Proponents of alternatives to the service industry have emphasized that civil liberties can only be perverted by bureaucratic and professional government for the people. For example, from 1955 on, a group of Peruvian activists, builders, and lawmakers joined non-conformist architects and sociologists from Europe and the US to collectively give shape and credibility to an alternative understanding of poor neighborhoods (Turner 1968). They suggested that there were two ways of looking at a neighborhood. One is to evaluate the neighborhood in terms of its material characteristics as a bundle of "goods and services" that satisfy people's "housing needs." This will, almost inevitably, identify what people lack and petrify corrective measures into scientifically established and bureaucratically managed standards. It is associated with centralism, authoritarianism, professionally diagnosed needs and institutional services. But a neighborhood can also be understood as a set of productive relationships among its inhabitants. Such a commonsense view of people is sensitive to what people can do—their abilities rather than their deficits-- and will generate flexible rules that protect free people acting to fulfill their self-defined ends. The British architect John Turner became the most articulate voice of "housing" as the paradigmatic example of an activity that is not a need, and proved the feasibility of subordinating heteronomous tools to autonomous initiatives (Turner 1978).


Yet, during the late 1980s, AT became the Trojan horse of ever-new NGOs. Unfortunately, ends started to be confused with needs, and the promoters of NGOs became, all too often, shills for AT as a cheap alternative to high cost services. Governments started to support NGOs when they began to behave as ersatz professionals.

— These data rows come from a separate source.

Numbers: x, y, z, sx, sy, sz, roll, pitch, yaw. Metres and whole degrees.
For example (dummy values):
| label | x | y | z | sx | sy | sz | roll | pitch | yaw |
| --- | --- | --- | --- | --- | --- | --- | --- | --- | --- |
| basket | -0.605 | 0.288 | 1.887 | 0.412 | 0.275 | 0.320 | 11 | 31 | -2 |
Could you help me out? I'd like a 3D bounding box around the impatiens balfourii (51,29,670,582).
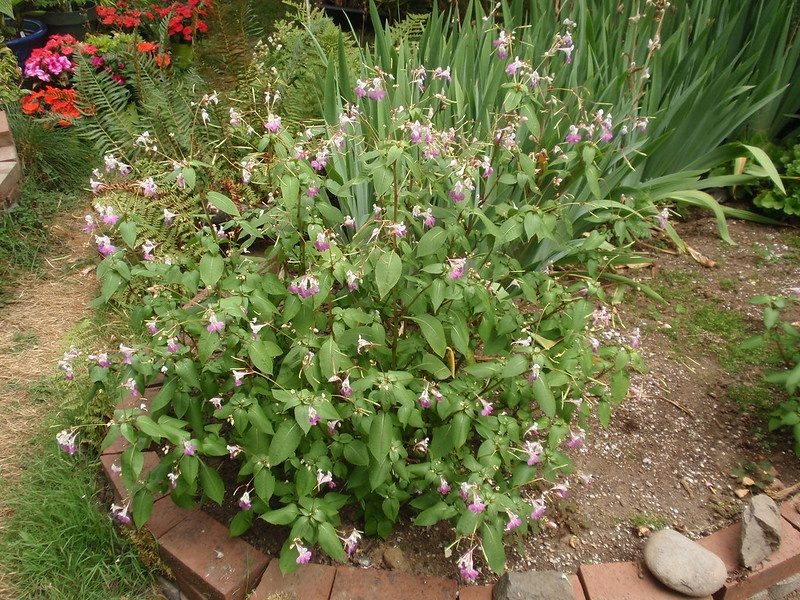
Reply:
| label | x | y | z | sx | sy | sz | roll | pitch | yaw |
| --- | --- | --- | --- | --- | --- | --- | --- | --- | --- |
| impatiens balfourii | -0.045 | 0.091 | 3.198 | 2.803 | 2.107 | 2.942 | 1 | 80 | -11 |
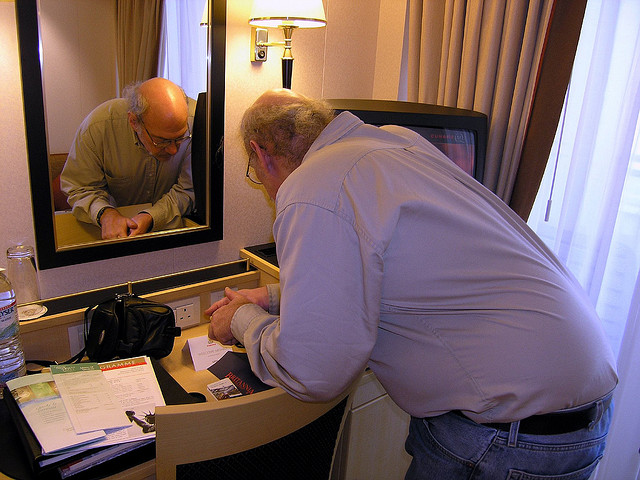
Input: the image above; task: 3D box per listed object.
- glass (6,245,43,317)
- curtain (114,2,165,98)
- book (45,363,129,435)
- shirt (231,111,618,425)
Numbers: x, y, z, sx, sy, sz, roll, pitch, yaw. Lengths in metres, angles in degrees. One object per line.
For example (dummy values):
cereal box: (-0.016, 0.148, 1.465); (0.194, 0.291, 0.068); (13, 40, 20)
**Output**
glass: (-1.042, 0.137, 1.750); (0.094, 0.238, 0.119); (-14, 24, -33)
curtain: (-0.664, -0.728, 1.847); (0.206, 0.305, 0.028); (-19, 27, -41)
book: (-0.719, 0.487, 1.546); (0.332, 0.015, 0.184); (32, 10, 39)
shirt: (0.319, 0.119, 1.390); (0.853, 0.729, 0.772); (3, 12, 25)
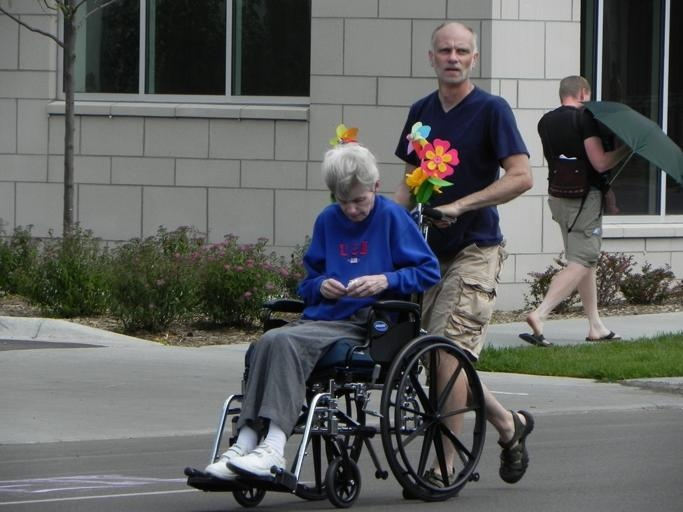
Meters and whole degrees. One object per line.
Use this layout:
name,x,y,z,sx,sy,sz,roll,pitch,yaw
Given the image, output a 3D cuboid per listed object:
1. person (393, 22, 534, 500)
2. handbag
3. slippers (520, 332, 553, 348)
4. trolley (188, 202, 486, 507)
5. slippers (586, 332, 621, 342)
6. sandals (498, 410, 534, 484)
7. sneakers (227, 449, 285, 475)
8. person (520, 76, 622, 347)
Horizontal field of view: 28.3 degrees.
person,1.026,-0.151,10.584,1.070,3.259,1.455,7,12,35
handbag,2.453,-1.102,15.069,0.553,1.119,0.452,-2,-4,-2
slippers,2.100,0.884,14.674,0.359,0.104,0.144,20,-6,-6
trolley,-0.143,0.833,10.347,1.960,2.393,2.038,0,-1,40
slippers,2.918,0.917,15.023,0.355,0.095,0.146,-2,1,0
sandals,1.368,1.497,10.480,0.203,0.624,0.272,7,-2,40
sneakers,-0.581,1.456,9.553,0.328,0.153,0.190,8,-9,-16
person,2.670,-0.484,15.131,0.964,2.994,1.472,2,0,27

NGO sponsored projects diffused AT to the third world as under-developed versions of the educational, medical, transportation or sanitary packages. Advocates of distributive justice fought for the poor man’s right to an equal share of industrial outputs. Though it had inspired the pioneers of the AT movement, equity, conceived as the civil liberty to decide what to do and how, was progressively neglected. Alternative technologies were not only conceived as alternative ways to satisfy needs, but, increasingly, as first steps toward the "real thing": Communal alphabetization as the baby steps to schooling, bare-foot doctors as unshod versions of the white coats, bicycles as cheap imitations of cars, dry commodes as training tools for flush toilets, and muscles as a painful alternative to fuels.

Hugh of Saint Victor, a contemporary of Theophilus, defined tools as appropriate remedies for man's natural imperfections. In this sense, appropriateness, (Lat. Convenentia) refers to the proportional relationship between the radius of action circumscribed by man's innate powers and the power deposited in his hands or under his buttocks by tools. Appropriate technology is the search for the fitting and proper relationship between means and ends. Accordingly, it has become all the more urgent to distinguish the alternative from the appropriate: Usually, the alternative is not appropriate.